Goorey’s is one of nearly 300 interviews the Columbus Jewish Historical Society (CJHS) has conducted, transcribed and posted on the Oral Histories page of its website, columbusjewishhistory.org.
The organization’s interview subjects represent a wide range of experience, from rabbis to veterans to people who have lived in Columbus their whole lives to those who have made a great economic impact on the city (Schottenstein, Solove, Lazarus).
CJHS has big hopes for the future of the project, including creating digital stories using clips of the recordings and perhaps images of the interviewees curated into various reoccurring subjects and themes, such as migration (both to America and around or out of Columbus), faith, discrimination and the Jewish community’s business and cultural impact.
History is more than worthy of our attention, the project members say-to the community and individuals alike.
“But for that strong [CJHS] community, we wouldn’t have information that adds so much value to our family history,” Starr says. “Families should take advantage of the resources. We plan on starting volume two, our stories, soon.”
Through Brief’s genealogical investigation for the sisters and their journey with their mom’s oral history project, Starr and Petrak have found cousins, added six generations to their family tree and discovered their ancestors founded Agudas Achim temple on East Broad Street.
“This project made me feel the weight of responsibility of carrying Judaism forward,” Petrak says. “It weighs heavily on me that they left everything they had for religious freedom.”

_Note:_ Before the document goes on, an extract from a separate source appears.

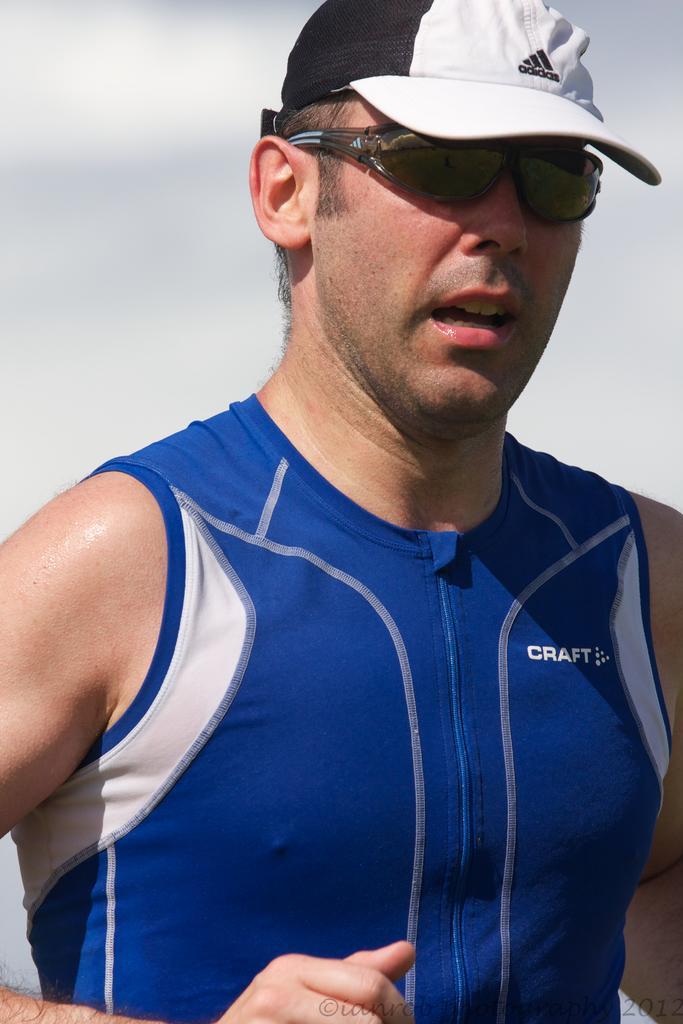Could you give a brief overview of what you see in this image? In the foreground of this image, there is a man in blue T shirt and a white and black cap and wearing spectacles. In the background image is blurred. 
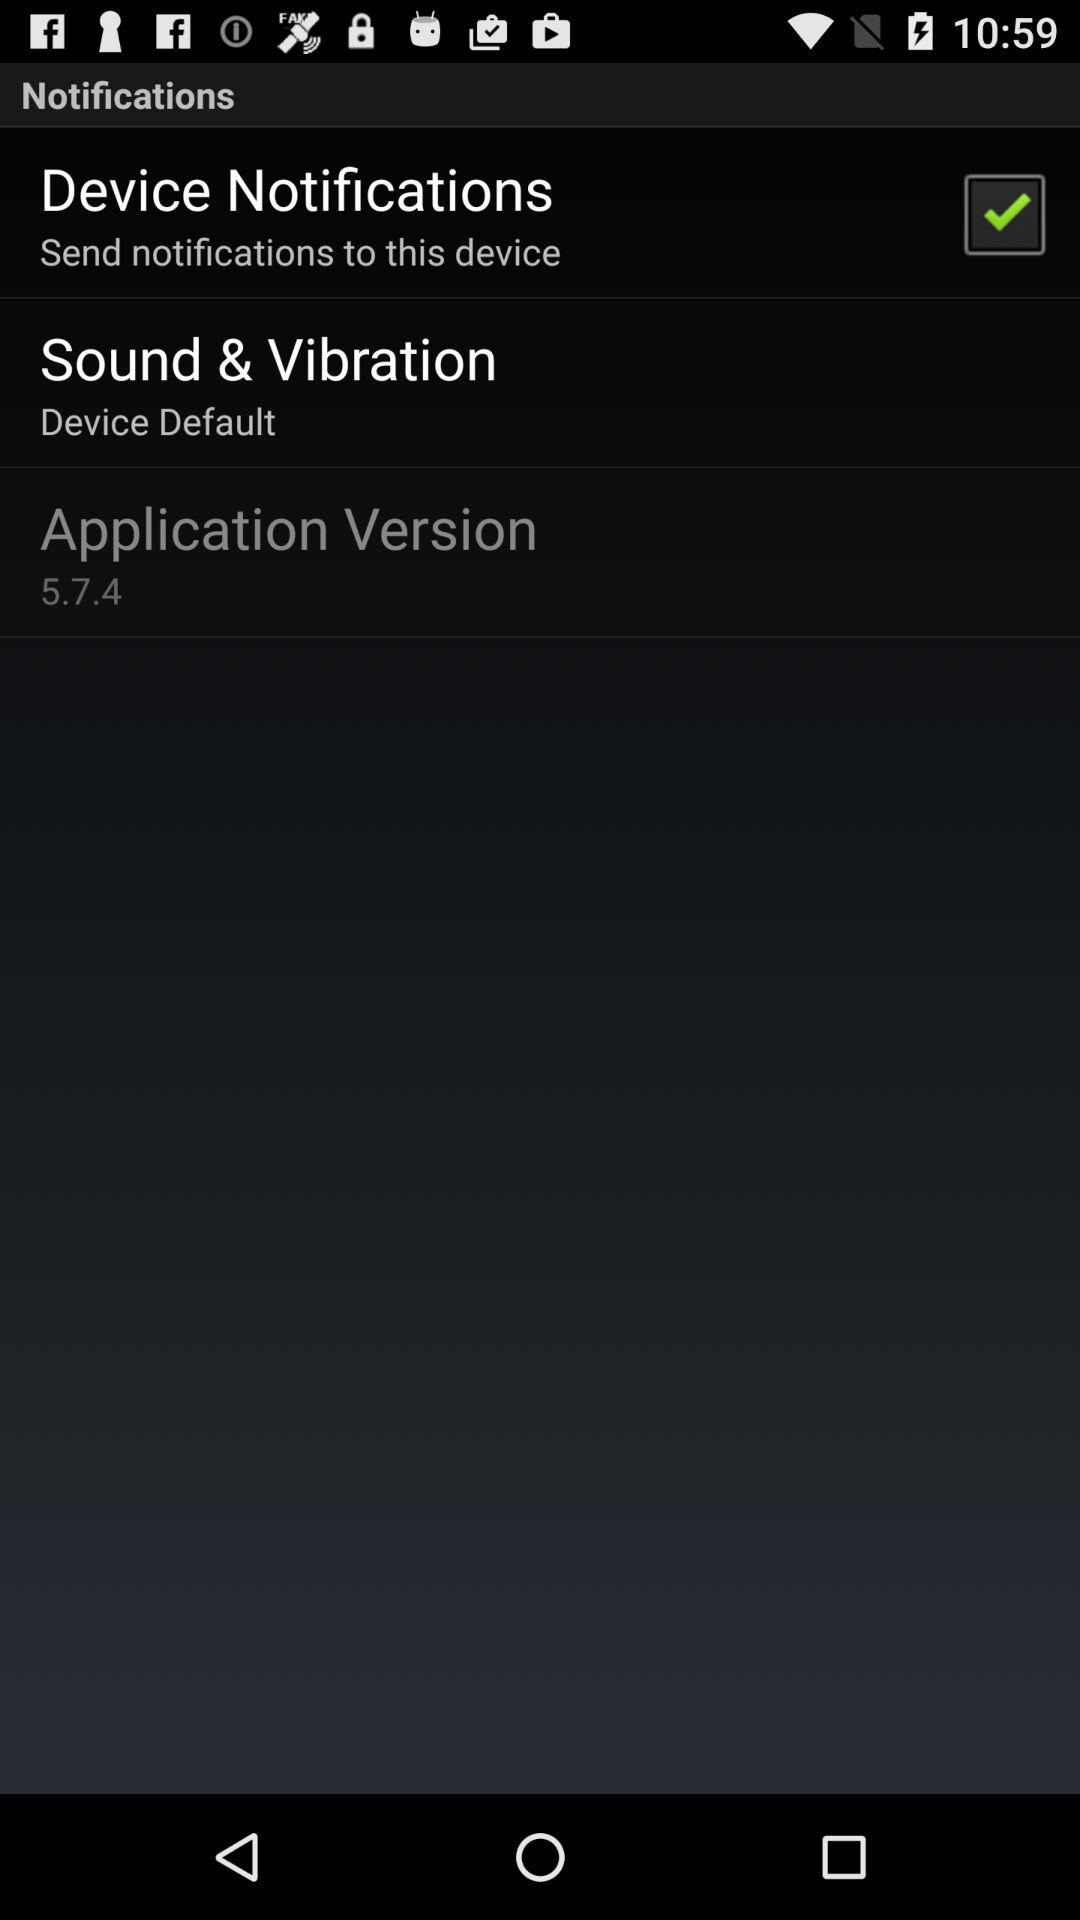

That aspect of surviving persecution is part of what makes some of these stories so sacred.
Look no further than Fran Silberstein Greenberg’s interview transcript, recorded in 2004. She was in her 60s and recounted her earliest memories as a Jewish child in Paris. In 1942, German soldiers sent her father, Simon, to Auschwitz, where he died. Her mother sent Greenberg and her sister to foster homes soon after “so she could run and hide without worrying about us.”
Voices are important-in all senses of the word.
“My grandma used to call me ‘Shar-Shar,'” Starr recalls. “I’ll never hear that again. I’m so glad I can pass this on to Mom’s grandchildren.”